SOURCE DATA:
[Start of section]

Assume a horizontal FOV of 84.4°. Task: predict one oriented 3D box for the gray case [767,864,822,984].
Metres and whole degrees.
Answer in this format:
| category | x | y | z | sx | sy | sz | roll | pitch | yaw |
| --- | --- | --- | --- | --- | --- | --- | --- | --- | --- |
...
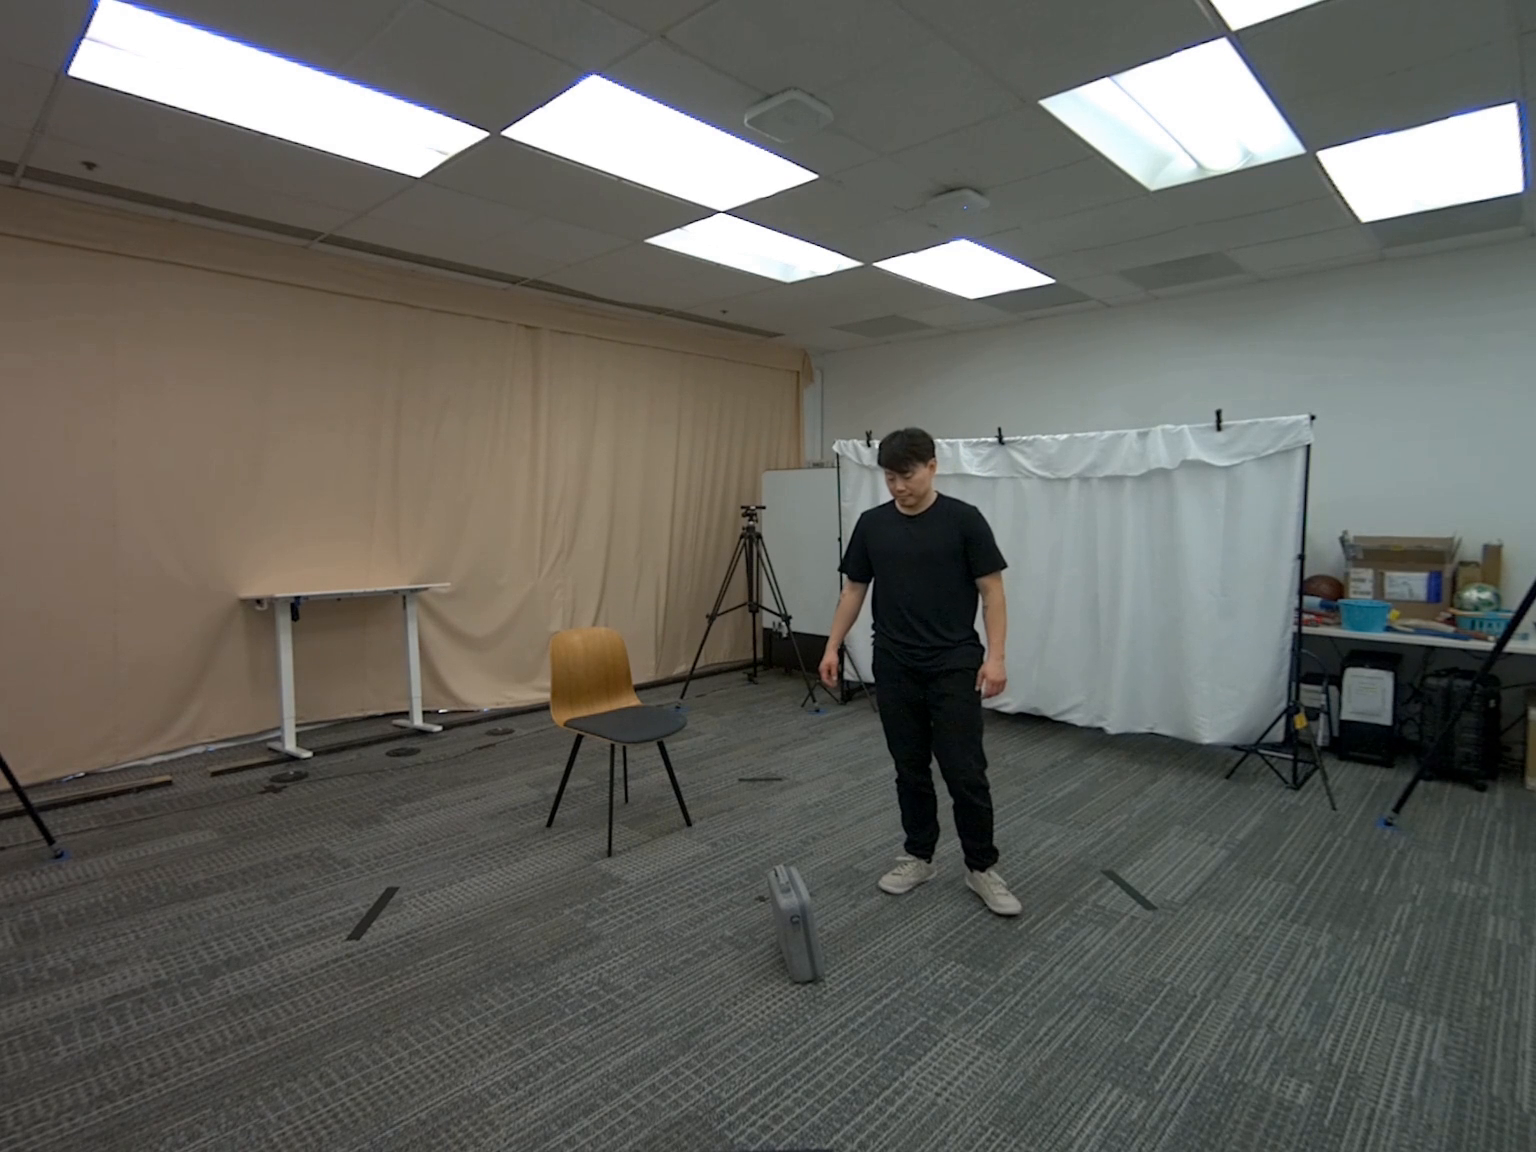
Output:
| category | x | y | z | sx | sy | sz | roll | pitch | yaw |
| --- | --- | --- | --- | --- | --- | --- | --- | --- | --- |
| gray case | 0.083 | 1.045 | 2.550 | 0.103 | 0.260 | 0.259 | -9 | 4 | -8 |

[End of section]
[Start of section]

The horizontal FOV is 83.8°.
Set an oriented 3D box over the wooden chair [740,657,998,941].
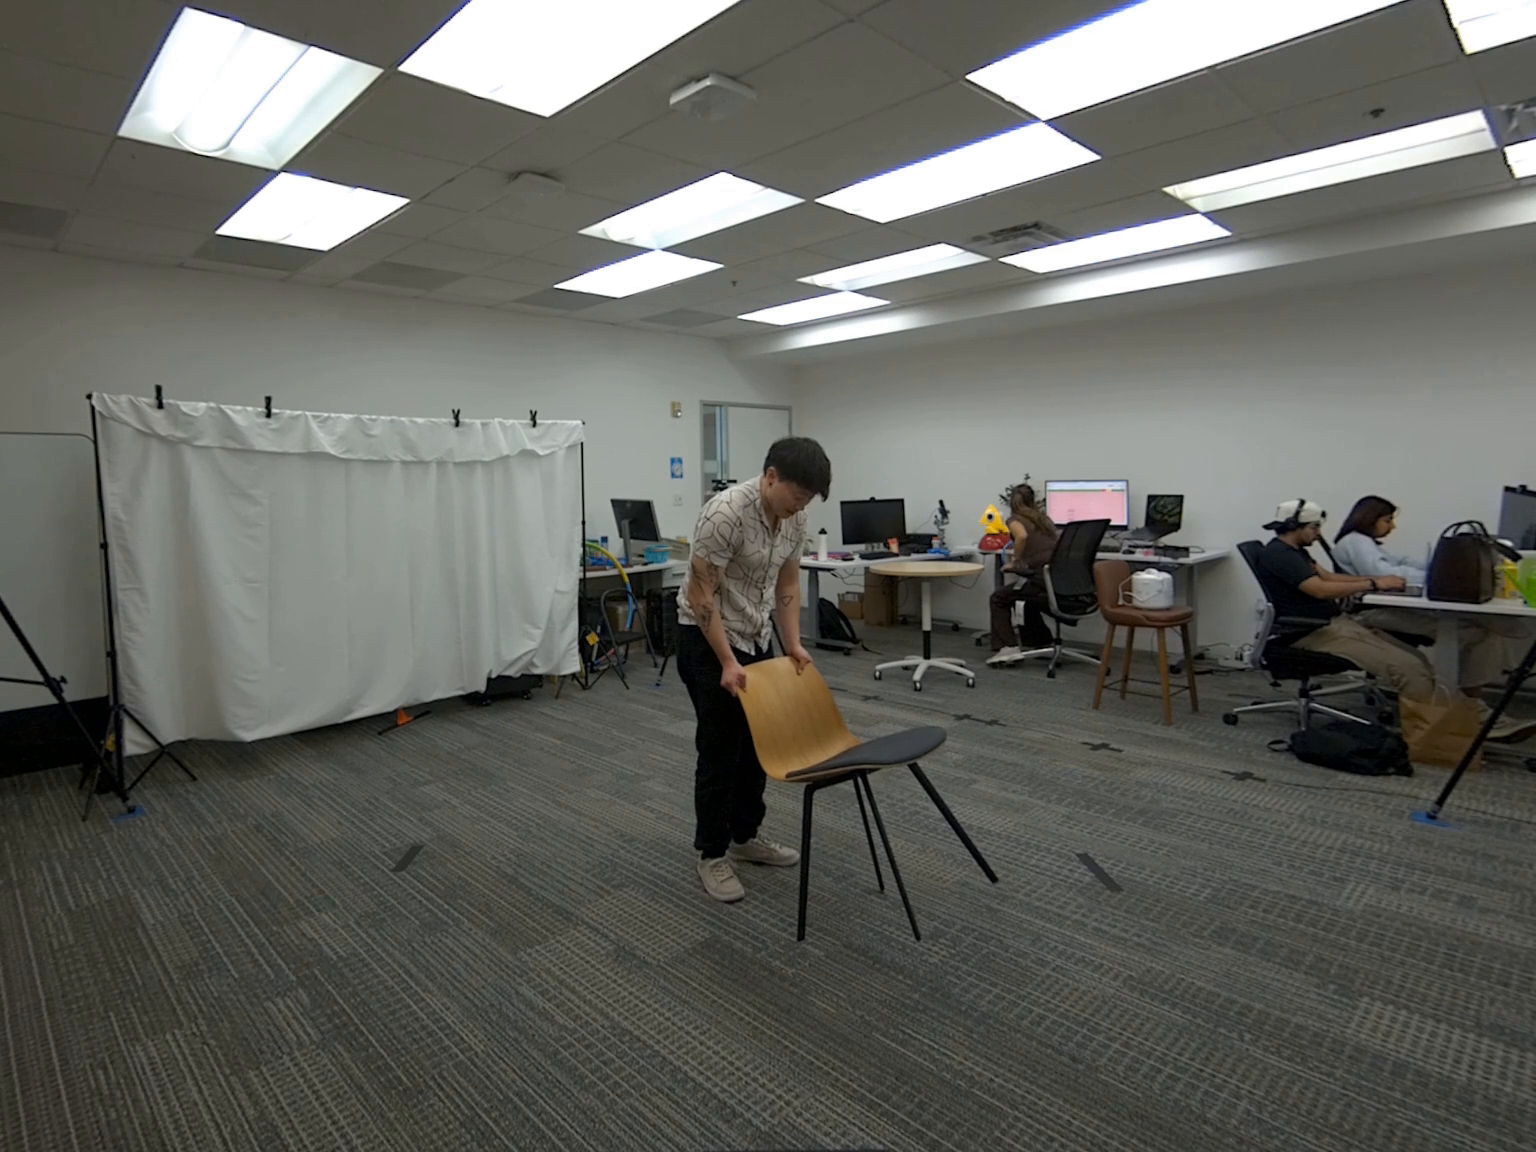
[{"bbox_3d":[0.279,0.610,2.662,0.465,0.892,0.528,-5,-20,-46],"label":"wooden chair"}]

[End of section]

TRY IT: Show all lines in the entries above where the word "horizontal" appears.

RESULT:
Assume a horizontal FOV of 84.4°. Task: predict one oriented 3D box for the gray case [767,864,822,984].
The horizontal FOV is 83.8°.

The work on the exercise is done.